RETURNN so far made sure that all checkpoints kept being compatible for a given net dict. Of course there never were guarantees when the user changed the net dict, so this was completely up to the user then. But there were also no real error checking. But for a given layer, RETURNN handled conversions automatically. It did not use a version number for this but it was always able to infer the format from the parameter name. The same logic was also used when the user switched e.g. from NativeLSTM to StandardLSTM or so. Or otherwise it encoded the version inside the parameter name itself, see LayerBase.batch_norm.

Now as we basically shifted all param handling over to RETURNN-common, when we change the parameters in some Module, it would not automatically work, RETURNN would not be able to handle this automatically. So we need similar conversion handling in RETURNN-common.

So far this was never needed but we will need this at some point in the future.

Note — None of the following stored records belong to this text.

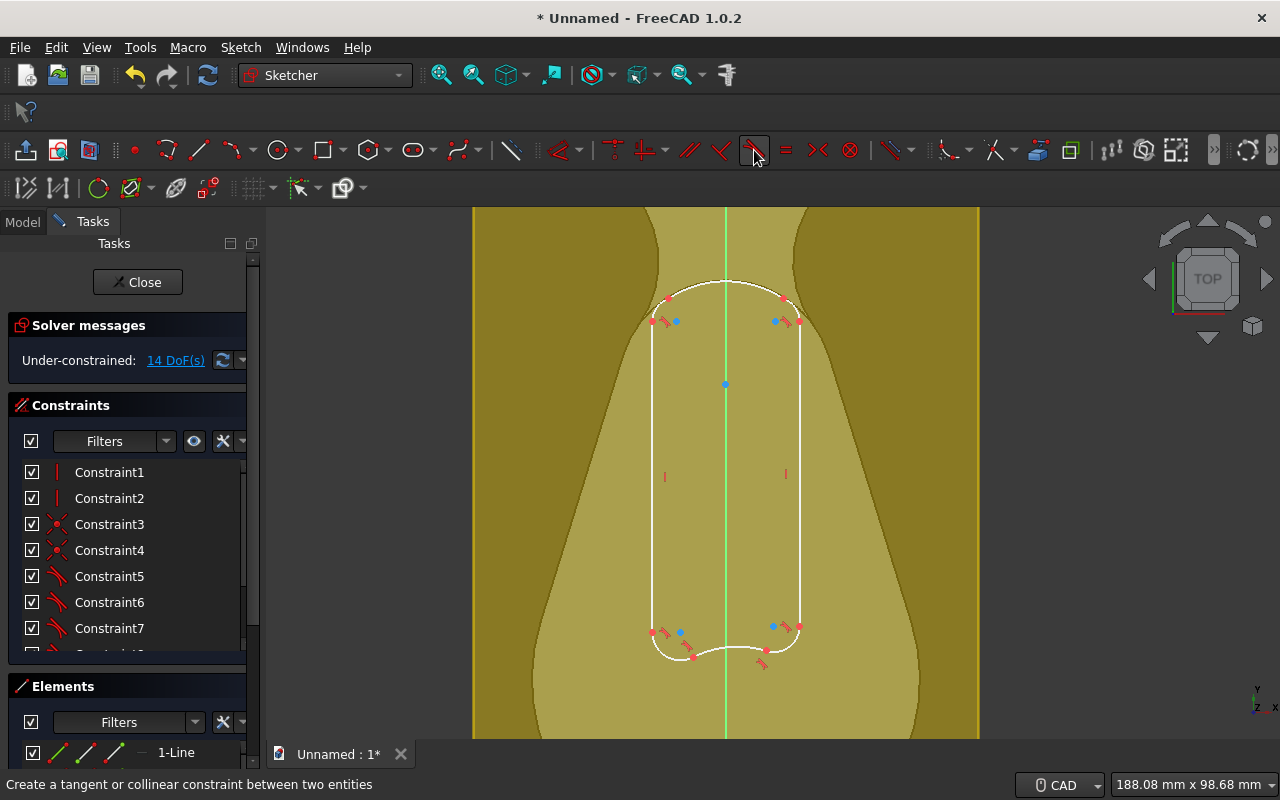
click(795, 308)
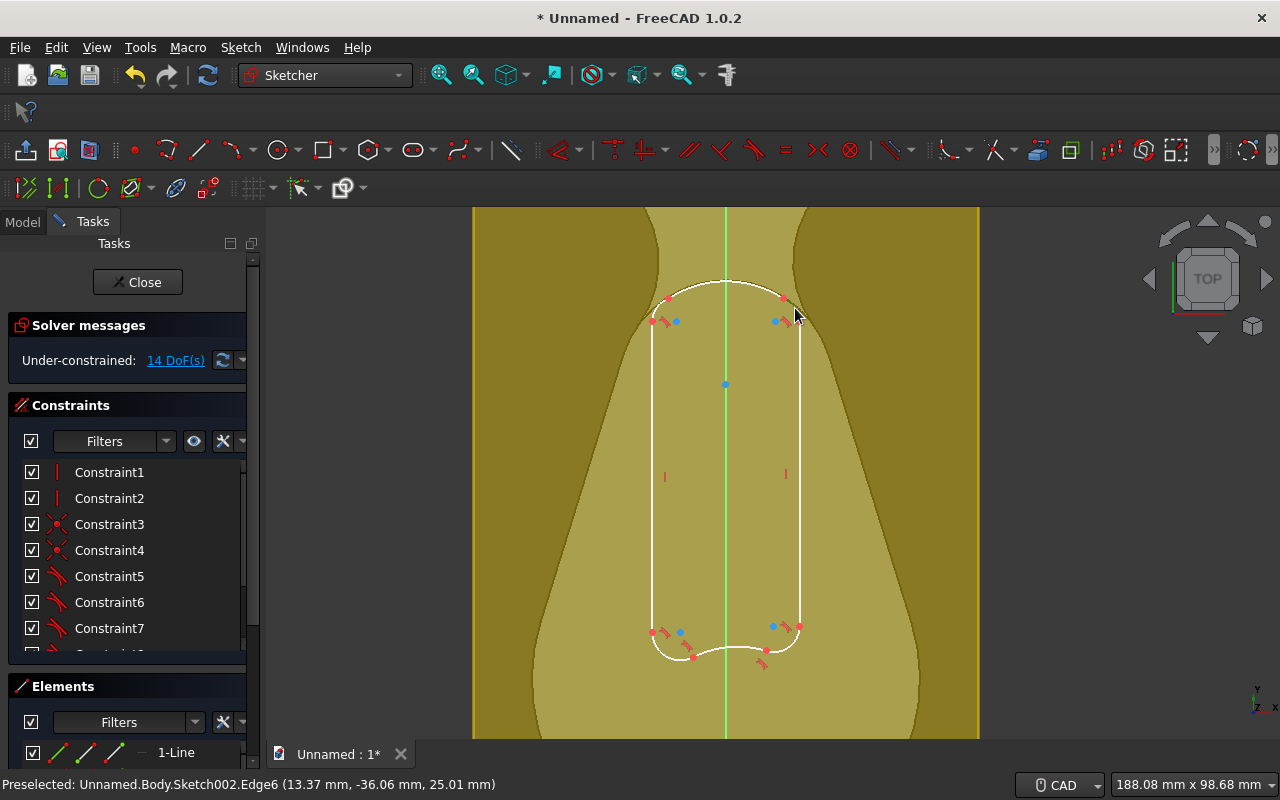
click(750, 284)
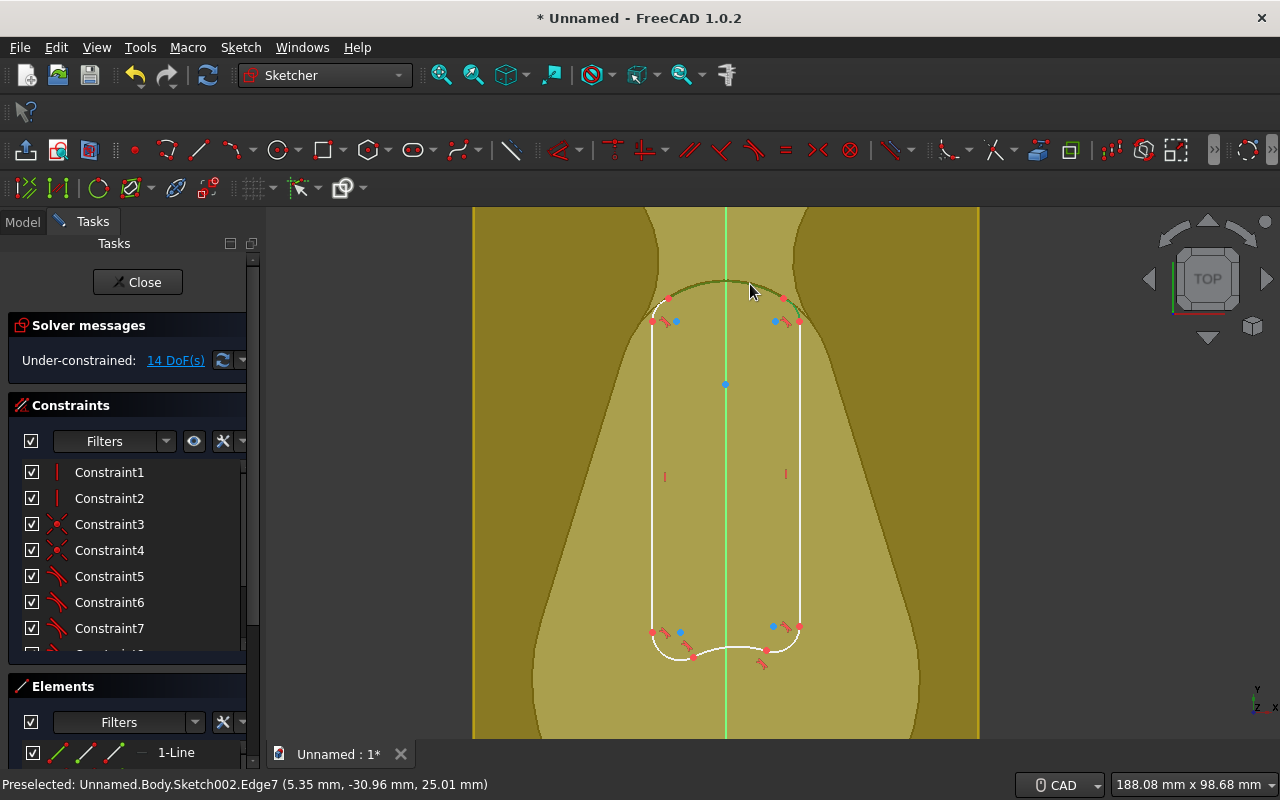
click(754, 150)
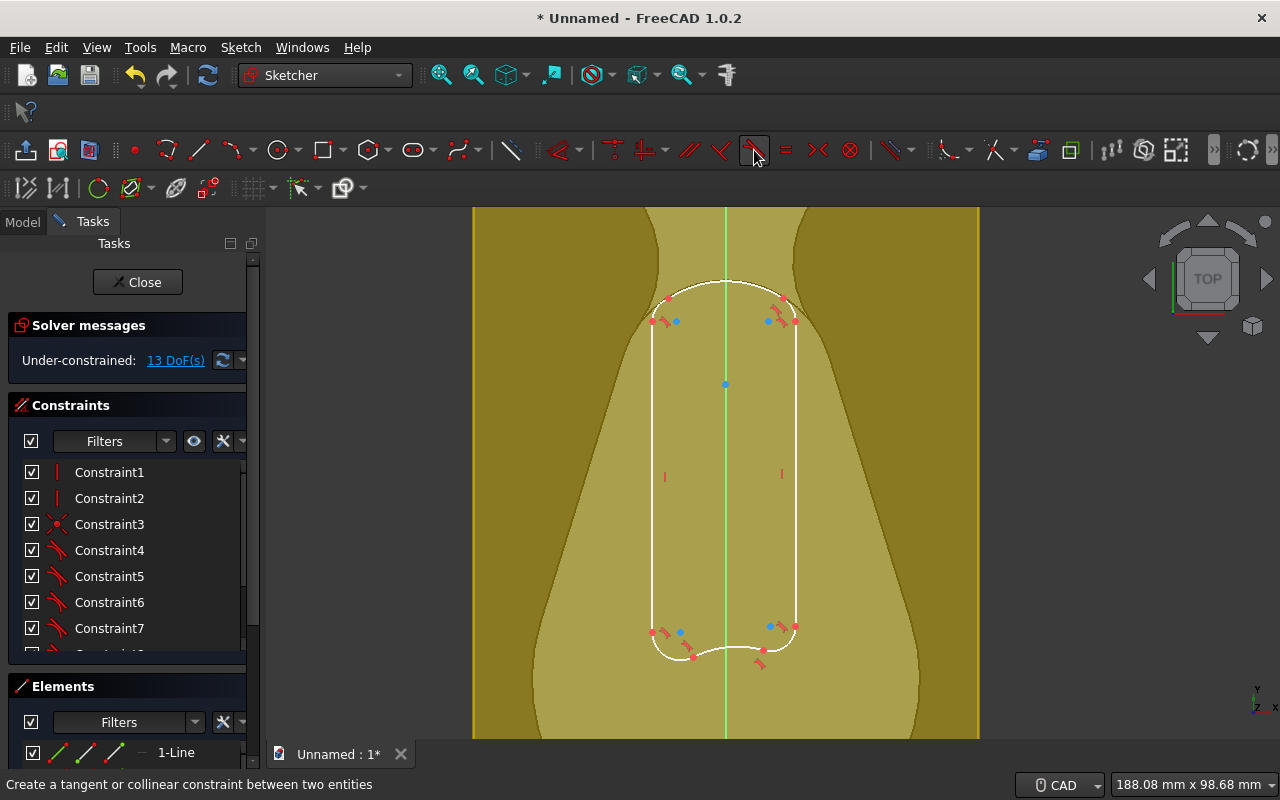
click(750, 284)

How would we do it? In RETURNN, when params are loaded but some param name is not found in the checkpoint, this causes the default param loading logic to fail, and then it uses CustomCheckpointLoader, which will try some of the automatic conversions. See TFNetwork.load_params_from_file. So either we somehow extend that, by making some API, where a user of RETURNN-common could add conversion rules, in an easy way (but it should be straightforward). Or we somehow need to replicate the whole thing on RETURNN-common side. It's also not clear whether we really need the version or not.

JackTemaki commented 2 years ago

I have no clear opinion on this yet. The most important thing for me is that there is a crash if something is not as expected. I had the case with one Hiwi where the decoding ran without any warning or crash although he loaded a network with shapes that were not matching the ones provided in the config. But as all loaded parameters were consistent the model still worked fine. This can be very dangerous, and with returnn_common I think this is more likely to happen as you do code changes in the same files.